Genomic Testing in Patients with Kidney Failure of an Unknown Cause: A National Australian Study

Abstract

Key Points:

1. Twenty-five percent of those with unexplained kidney failure have a monogenic cause.

2. Whole genome sequencing with broad gene panel analysis is a feasible diagnostic approach in nephrology.

Background: The cause of kidney failure is unknown in approximately 10% of patients with stage 5 chronic kidney disease (CKD). For those who first present to nephrology care with kidney failure, standard investigations of serology, imaging, urinalysis, and kidney biopsy are limited differentiators of etiology. We aimed to determine the diagnostic utility of whole genome sequencing (WGS) with analysis of a broad kidney gene panel in patients with kidney failure of unknown cause.
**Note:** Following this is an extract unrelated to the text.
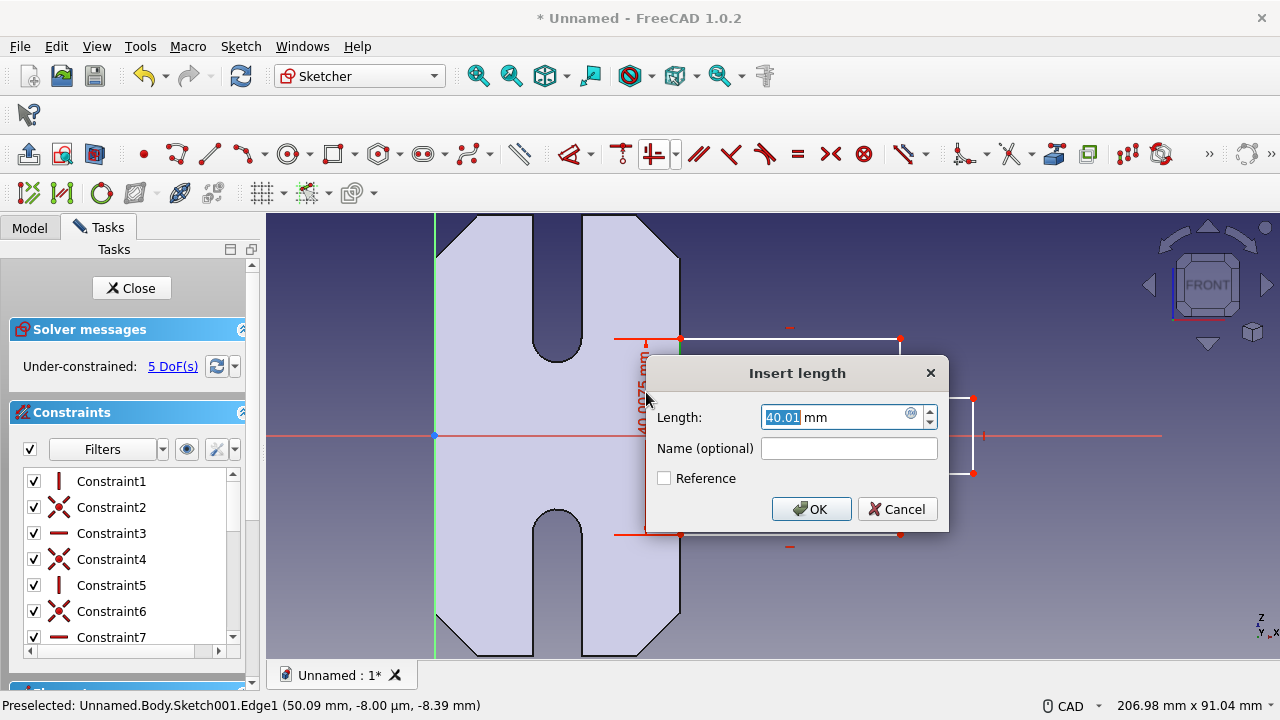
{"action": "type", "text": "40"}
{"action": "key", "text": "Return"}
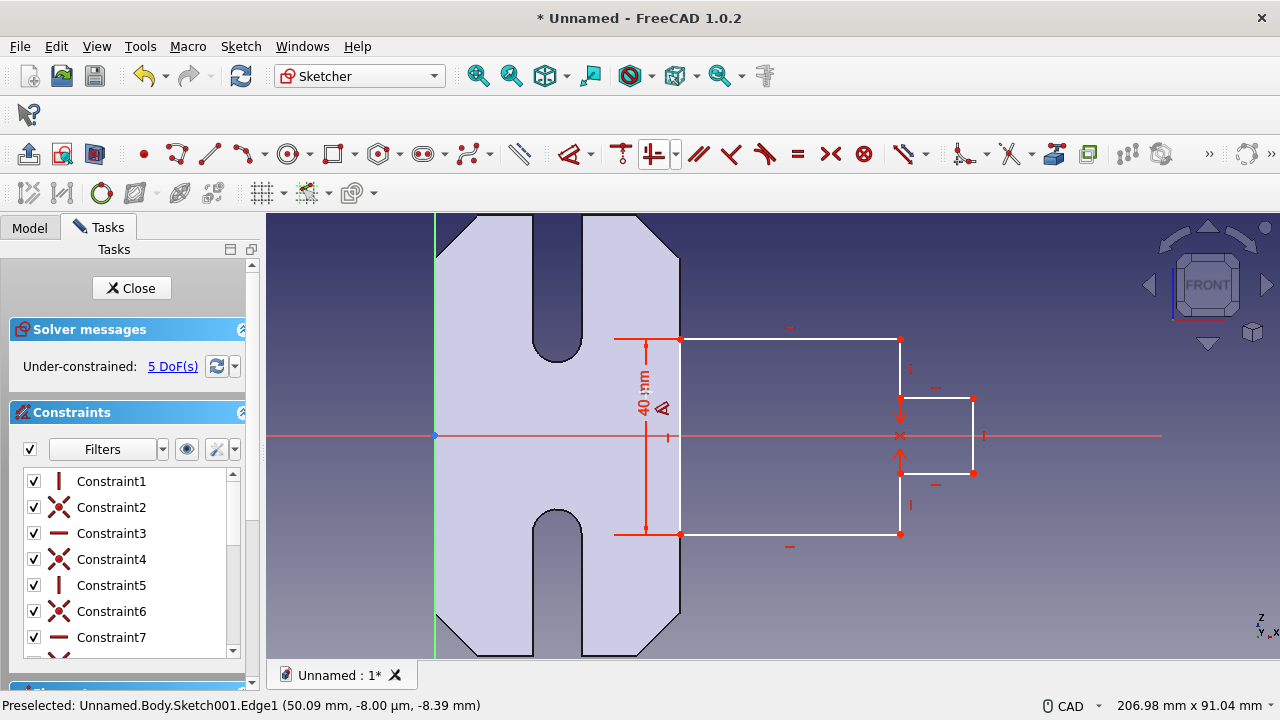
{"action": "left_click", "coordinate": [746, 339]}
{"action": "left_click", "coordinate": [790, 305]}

Methods: We prospectively recruited 100 participants who reached CKD stage 5 at the age of ≤50 years and had an unknown cause of kidney failure after standard investigation. Clinically accredited WGS was performed in this national cohort after genetic counseling. The primary analysis was targeted to 388 kidney-related genes with second-tier, genome-wide, and mitochondrial analysis.
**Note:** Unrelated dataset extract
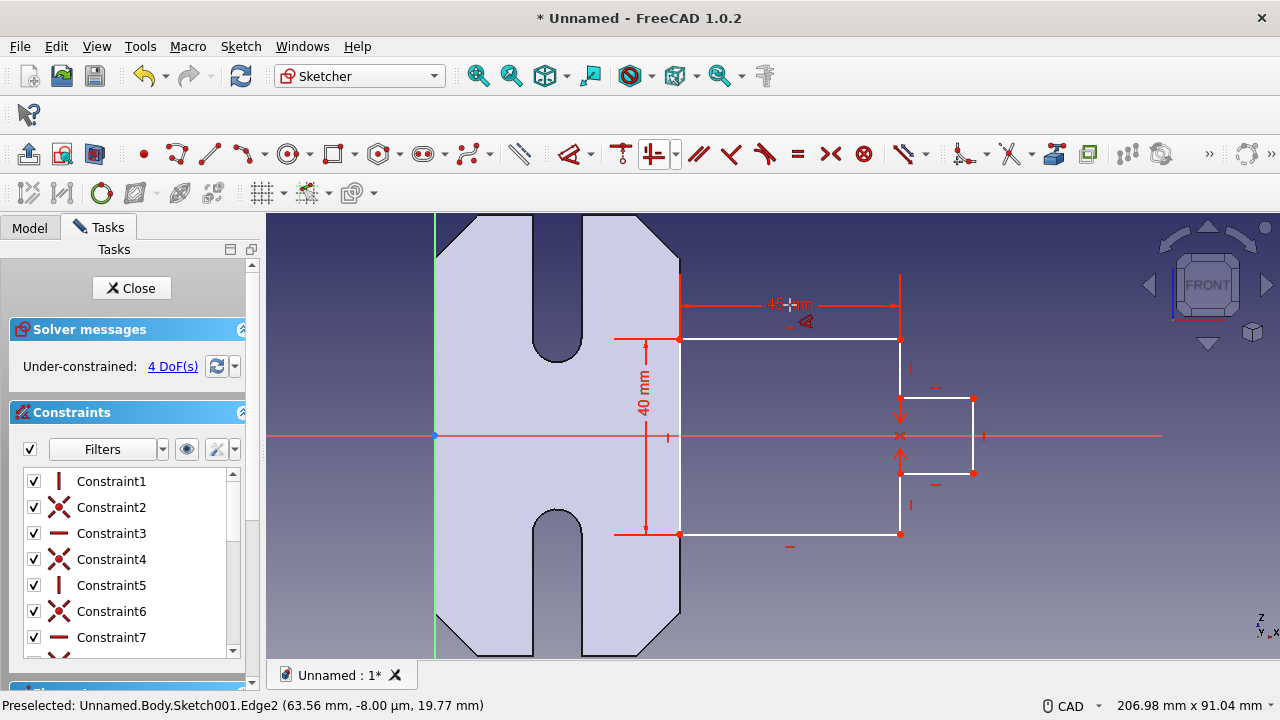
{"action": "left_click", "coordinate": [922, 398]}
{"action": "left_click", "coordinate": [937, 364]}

Results: The cohort was 61% male and the average age of participants at stage 5 CKD was 32 years (9 months to 50 years). A genetic diagnosis was made in 25% of participants. Disease-causing variants were identified across autosomal dominant tubulointerstitial kidney disease (6), glomerular disorders (4), ciliopathies (3), tubular disorders (2), Alport syndrome (4), and mitochondrial disease (1). Most diagnoses (80%) were in autosomal dominant, X-linked, or mitochondrial conditions (UMOD; COL4A5; INF2; CLCN5; TRPC6; COL4A4; EYA1; HNF1B; WT1; NBEA; m.3243A>G). Participants with a family history of CKD were more likely to have a positive result (odds ratio, 3.29; 95% confidence interval, 1.10 to 11.29). Thirteen percent of participants without a CKD family history had a positive result. In those who first presented in stage 5 CKD, WGS with broad analysis of a curated kidney disease gene panel was diagnostically more informative than kidney biopsy, with biopsy being inconclusive in 24 of the 25 participants.

Conclusions: In this prospectively ascertained Australian cohort, we identified a genetic diagnosis in 25% of patients with kidney failure of unknown cause.

Graphical abstract

Figure 1

Study flow chart. Flow chart of study methodology and recruitment process. CAKUT, congenital anomalies of the kidney and urinary tract.

Figure 2

Cohort characteristics. (A) Age of kidney failure in all participants, with positive and negative results highlighted. (B) Overview of diagnostic yield within the cohort. The figure legend is applicable to both (A) and (B). Circles=female probands; squares=male probands; solid blue represents a disease-causing or positive result; gray represents a VUS; white represents a negative result; positive=pathogenic or LP result. LP, likely pathogenic; VUS, variant of uncertain significance.

Figure 3

Diagnoses identified in the HIDDEN study. (A) Summary of overall study findings: the inner circle represents disease-groups identified, middle circle represents genes with disease-causing variant identified through the study, and outer circle represents the inheritance pattern of identified diagnoses. (B) Family history of kidney disease and positive and negative results. ADTKD, autosomal dominant tubulointerstitial kidney disease. HIDDEN, wHole genome Investigation to iDentify unDEtected Nephropathies.

Figure 4

Expanding the phenotypic spectrum of known genetic kidney diseases. (A) Pedigree for participant A0052. (B) Abdominal ultrasound images of left and right kidneys in longitudinal view, demonstrating bilateral renal cysts. (C) Pedigree for participant A0012. (D) Periodic acid–Schiff stain 200× magnification demonstrating complete loss of tubular basement membrane (blue arrow head) and membrane reduplication (black arrow) seen within the same tubule. (E) Hematoxylin and eosin–stained slide 200× magnification with red arrow showing interstitial fibrosis and blue arrowheads showing interstitial inflammatory cell infiltrate. (F) Electron microscopy of tubule 3000× magnification with red arrow showing atrophic tubular basement membrane and blue arrowhead showing reduplicated, thickened tubular basement membrane. The black arrowhead shows split in the tubular basement membrane.